Zenobia y Yarai dejaron sus cabezas al descubierto, en tanto Vabalato seguía tosiendo en el regazo de su madre.
—Vaya, tienes dos bellas esposas; pero tu hijo está enfermo.
—Venimos de las montañas del norte, donde he ido a fundar un templo; allí ha cogido frío, pero es un muchacho fuerte, sanará pronto.
—¿Adónde te diriges?
—Al sur.
—¿A Persia?
—Ya te he dicho que nací en Armenia, pero ahora soy un sacerdote de Ahura Mazda.
—Ya.
El comandante romano desenvainó su espada y la colocó en el cuello de Kitot.
—¡No! —gritó Yarai en griego—. ¡No lo mates! ¡Esta es Zenobia, la reina de Palmira, y ése su hijo Vabalato! ¡No lo mates, te lo ruego!
Kitot aprovechó que el comandante se despistó un instante, sorprendido por la revelación de Yarai, y lo empujó con tanta fuerza que lo hizo rodar sobre la cubierta. Se agachó para intentar recuperar su espada pero antes de que pudiera alcanzarla una flecha disparada por uno de los soldados se clavó en su costado. El gigante trastabilló, pero se la arrancó con la mano y se encaró con media docena de legionarios, que se acercaban hacia él con sus lanzas apuntándole.
—¡Matadlo! —ordenó el comandante desde el suelo.
Cinco lanzas volaron hacia el armenio, que pudo esquivar dos y rechazar una tercera con su brazo, la cuarta rebotó en el cinturón repleto de monedas y joyas, pero la quinta le perforó el estómago.
Los romanos desenvainaron sus espadas, saltaron sobre la barca y se acercaron blandiendo sus armas hacia Kitot. El armenio se mantenía en pie aunque tambaleante; también se arrancó la lanza que le habían clavado en el vientre. La alzó y la arrojó contra uno de los soldados con tanta fuerza que le atravesó el pecho pese a la protección del peto de cuero. Los otros cinco se acercaron con cautela, amedrentados por la estatura de Kitot.
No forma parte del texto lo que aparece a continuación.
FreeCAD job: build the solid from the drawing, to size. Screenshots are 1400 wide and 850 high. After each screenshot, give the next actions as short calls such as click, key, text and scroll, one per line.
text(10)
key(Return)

Tras ellos se aproximaban otra media docena de soldados, que habían montado sus arcos y estaban prestos para disparar.
El antiguo gladiador, pese al dolor que le causaban las heridas, todavía pudo aplastar con sus brazos a dos de los soldados, pero recibió el impacto de algunas saetas; los otros tres lograron asestarle varios tajos con sus espadas y abrirle profundas heridas en el torso y en los brazos. Mientras forcejeaba con ellos, el comandante, que había recuperado su espada, se acercó por detrás y se la clavó entre los omóplatos.
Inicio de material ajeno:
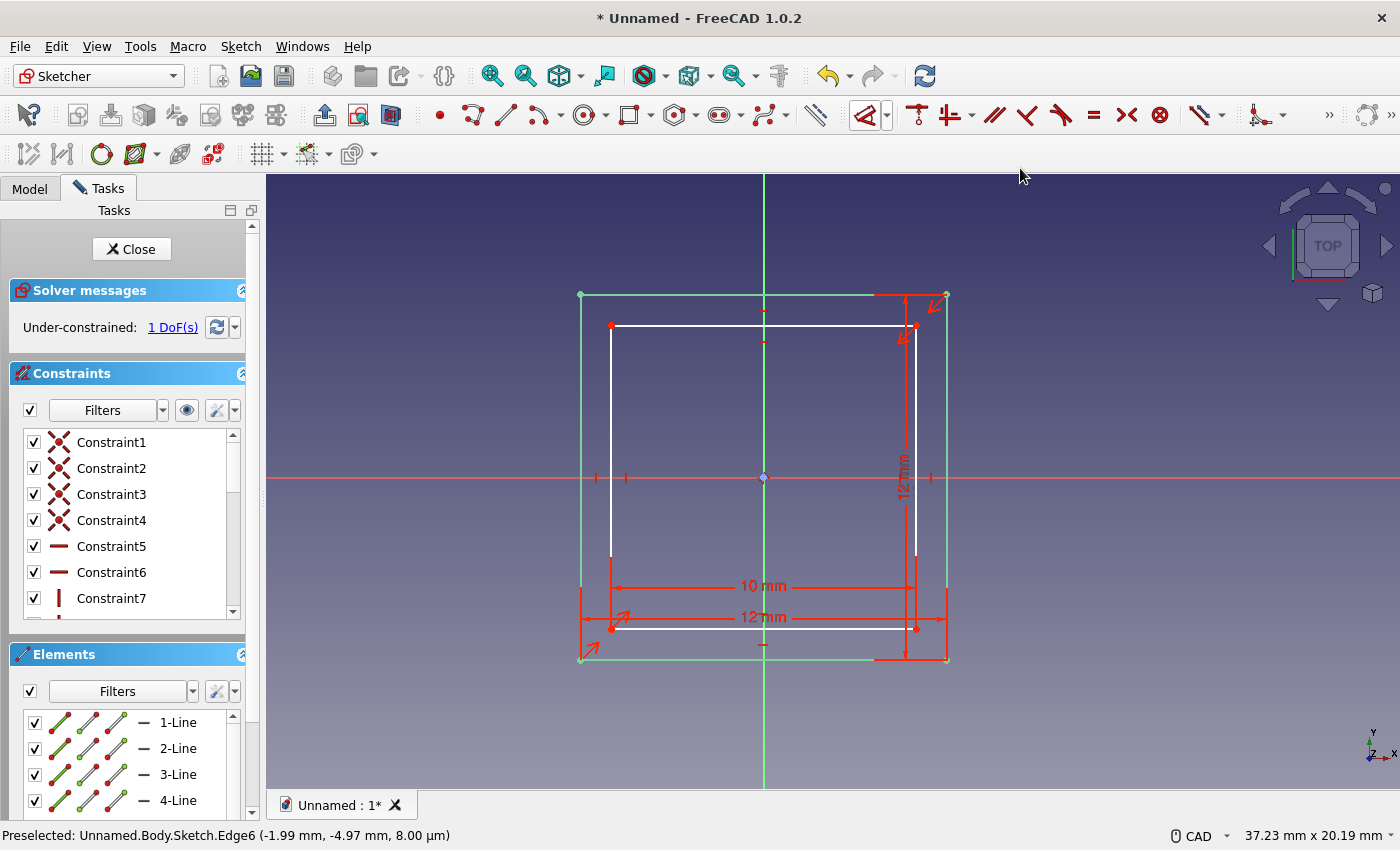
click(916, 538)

Kitot se contorsionó hacia atrás y se tambaleó a un lado. Sintió que sus fuerzas lo abandonaban y cayó de rodillas sobre la cubierta manchada con su propia sangre y con la de los tres soldados romanos que había abatido.
Yarai lanzó un desgarrador grito de dolor, se levantó y corrió hacia su amado gigante. Kitot alzó la cabeza y miró a la muchacha. Los ojos del armenio estaban llenos de muerte. Intentó levantar su enorme mano para acariciarla pero no pudo, estaba inmóvil, paralizado, y la vida se le iba a borbotones como la sangre por las abundantes heridas.
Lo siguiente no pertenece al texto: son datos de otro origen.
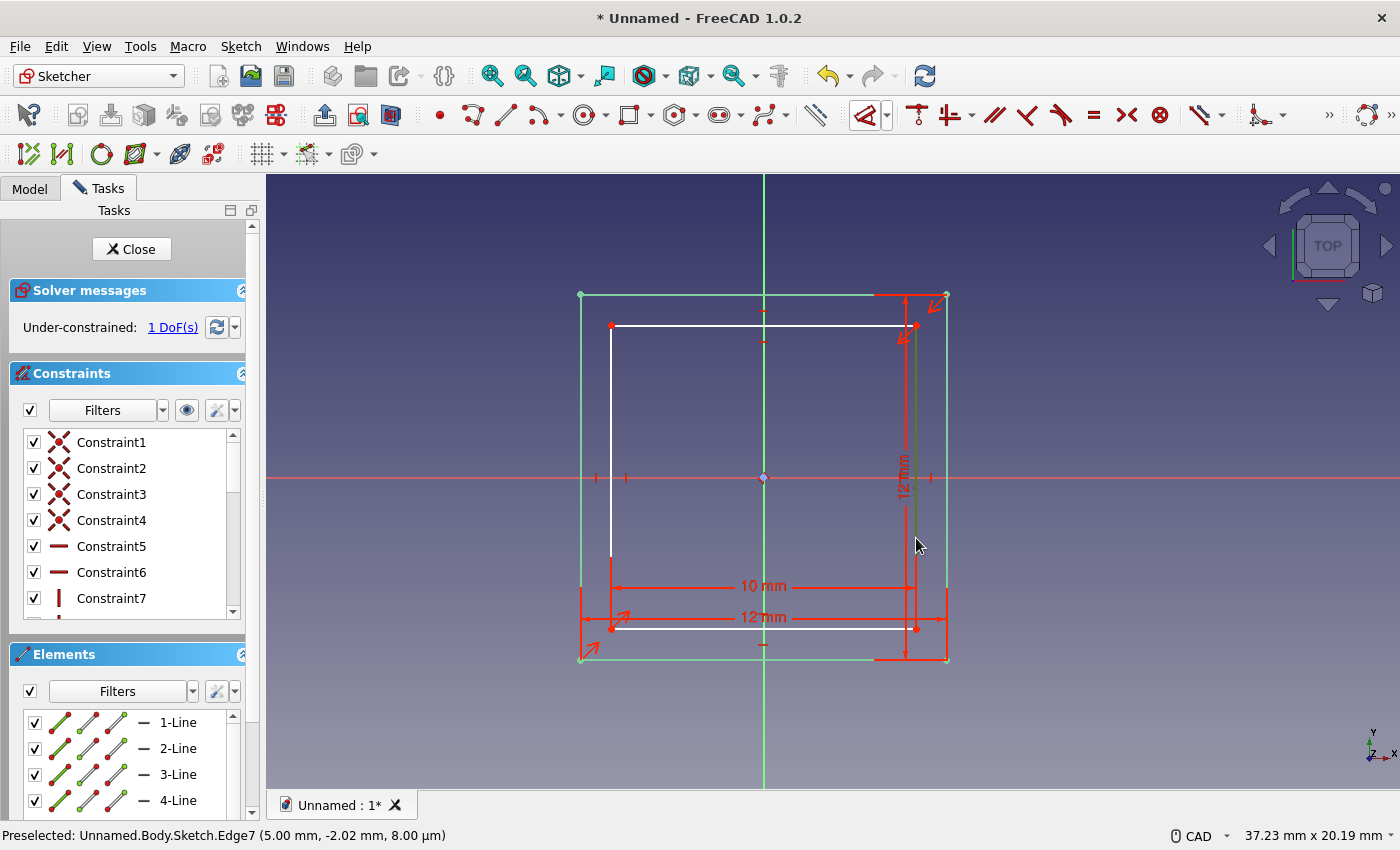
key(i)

—No te mueras, no te mueras —rogó Yarai angustiada.
El comandante extrajo su espada de la espalda de Kitot y volvió a clavársela, ahora justo por debajo de la nuca, en la cerviz. Un crujido reveló la rotura de las vértebras quebradas por la punta de acero.
Kitot cayó de bruces sobre el tablazón y expiró su último aliento entre esputos de sangre.